Côté pratique donc, c'est moins euphorique. "Les procédures sont compliquées à mettre en place, personne n'assume le risque et nous sommes en première ligne".

"L'entreprise a mis en place des horaires décalés, avec certaines fois du travail de nuit"
, afin de limiter les délais tout en respectant les mesures sanitaires.

Complexité de la remise en route

Même constat chez Provence Aluminium. L'entreprise basée à Aubagne a mis à l'arrêt "100% des chantiers" pendant la crise, indique Alain Dousse.

"L'activité a repris, mais sur 60% des chantiers seulement," explique le chef d'entreprise. Dans certains cas, la distanciation d'un mètre n'est pas possible.
La coactivité inhérente au secteur du bâtiment, en particulier dans les chantiers de second oeuvre, est un frein important à la reprise totale l'activité.

"Plus de dix entreprises peuvent être amenées à travailler ensemble sur certains chantiers, avec des superpositions de tâches", explique Philippe Piantoni, président de la Fédération du bâtiment Provence-Alpes-Côte d'Azur. 

"Nous devons dans ces cas créer plus de surface afin de respecter les distanciations, ou modifier les plannings d'interventions, lorsque cela est possible", précise-t-il.

Le télétravail maintenu chez les maîtres d'ouvrages et les délais de livraison augmentés pour certaines fournitures ont aussi renforcé cette inertie, selon le président de la Fédération régionale du bâtiment

Les mesures sanitaires, frein à la rentabilité

Dans le secteur du bâtiment, "le taux de rentabilité est structurellement plutôt bas, de 2 et 3 %", explique le président de la Fédération régionale. La marge est donc faible, et le ralentissement dû à l'application des mesures sanitaires aura forcément un impact sur les bilans financiers. 

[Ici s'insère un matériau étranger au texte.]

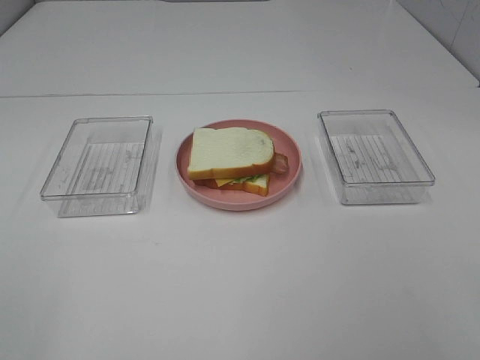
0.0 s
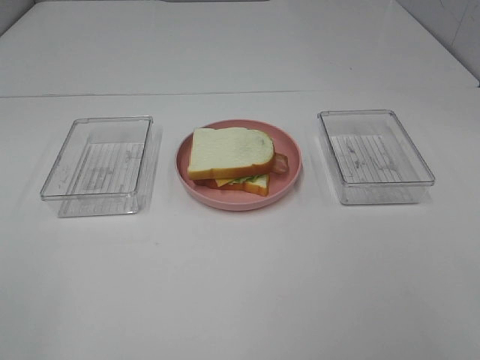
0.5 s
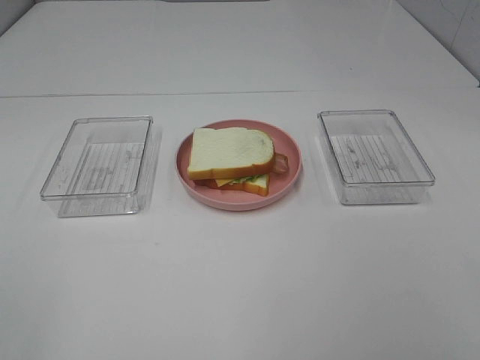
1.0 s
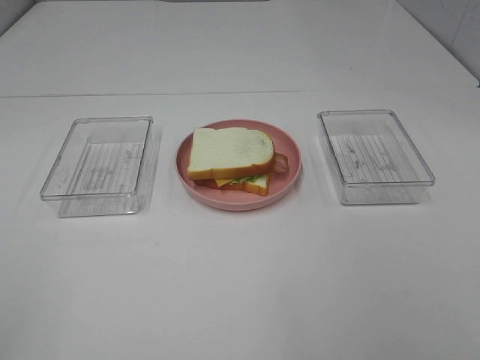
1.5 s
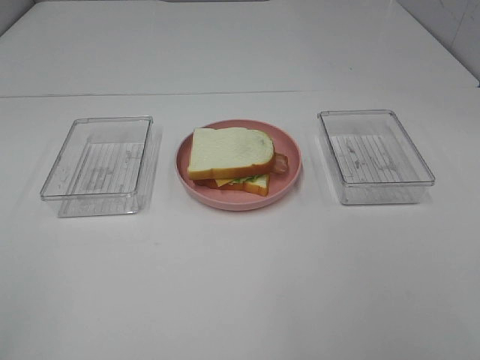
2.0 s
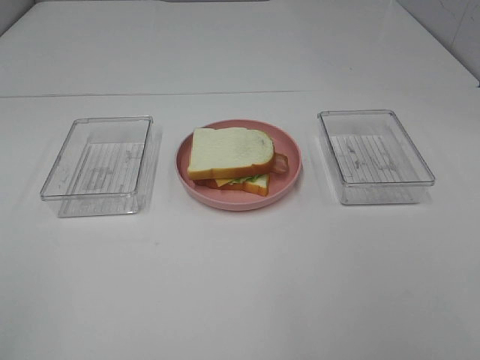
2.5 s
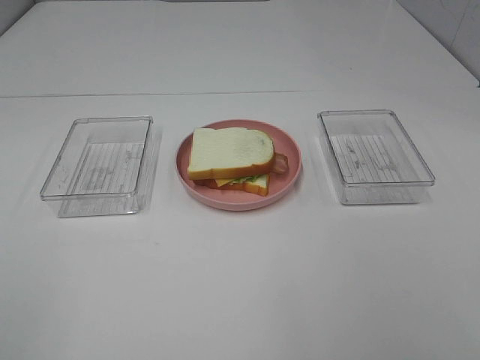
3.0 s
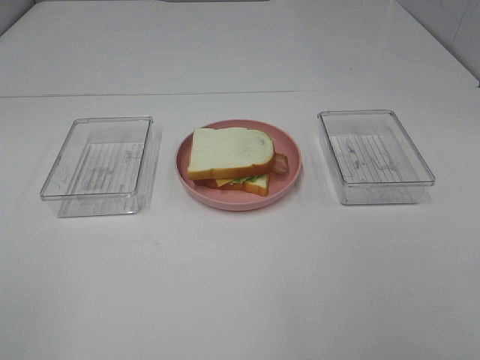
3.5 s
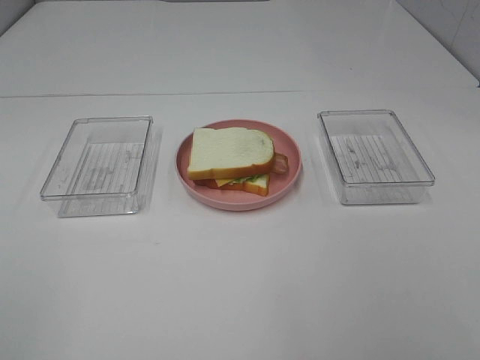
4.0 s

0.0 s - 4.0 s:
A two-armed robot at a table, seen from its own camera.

L'élaboration du guide de prévention du BTP permet la mise en oeuvre concrète des consignes et procédures sur les chantiers. Un protocole rassurant pour tous. Mais avec une conséquence directe : la hausse des surcoûts. 

"Ralentir notre vitesse de travail a un effet futur sur la rentabilité qui va être dévastateur", prédit Alain Dousse.

D'après le chef d'entreprise aubagnais, les difficultés vont arriver dans six mois, un an, "quand il faudra aussi commencer à rembourser les prêts". 

Baisse de rentabilité, augmentation des coûts

C'est ce que le président de la Fédération régionale du bâtiment nomme "l'effet ciseau". "Baisse de rentabilité, augmentation des coûts, l'effet mécanique pourrait être "catastrophique pour les entreprises du bâtiment", annonce Philippe Piantoni.

D'autant qu'il faudra aussi régler les factures dans les chantiers où, par exemple, "du matériel loué a été immobilisé, des abonnements courrent toujours, ou encore si il a fallu faire appel à du gardiennage", sans pouvoir avancer les travaux, précise-t-il.

"Ce cas de force majeure n'est pas reconnu par les assureurs" "Heureusement, les mesures et aux aides de l'Etat et la Région ont évité une très grosse casse", assure Philippe Piantoni.

Etre vigilant au maintien de l'activité

Mais pour l'avenir, le secteur lance un appel aux collectivités : "Attention au trou d'air, il faut être vigilant au maintien de l'activité", avertit le président de la Fédération régionale. 

En clair, les collectivités sont priées de relancer leurs appels d'offres publiques, et les services d'urbanisme de continuer à délivrer les permis de construire nécessaires au maintien du secteur privé.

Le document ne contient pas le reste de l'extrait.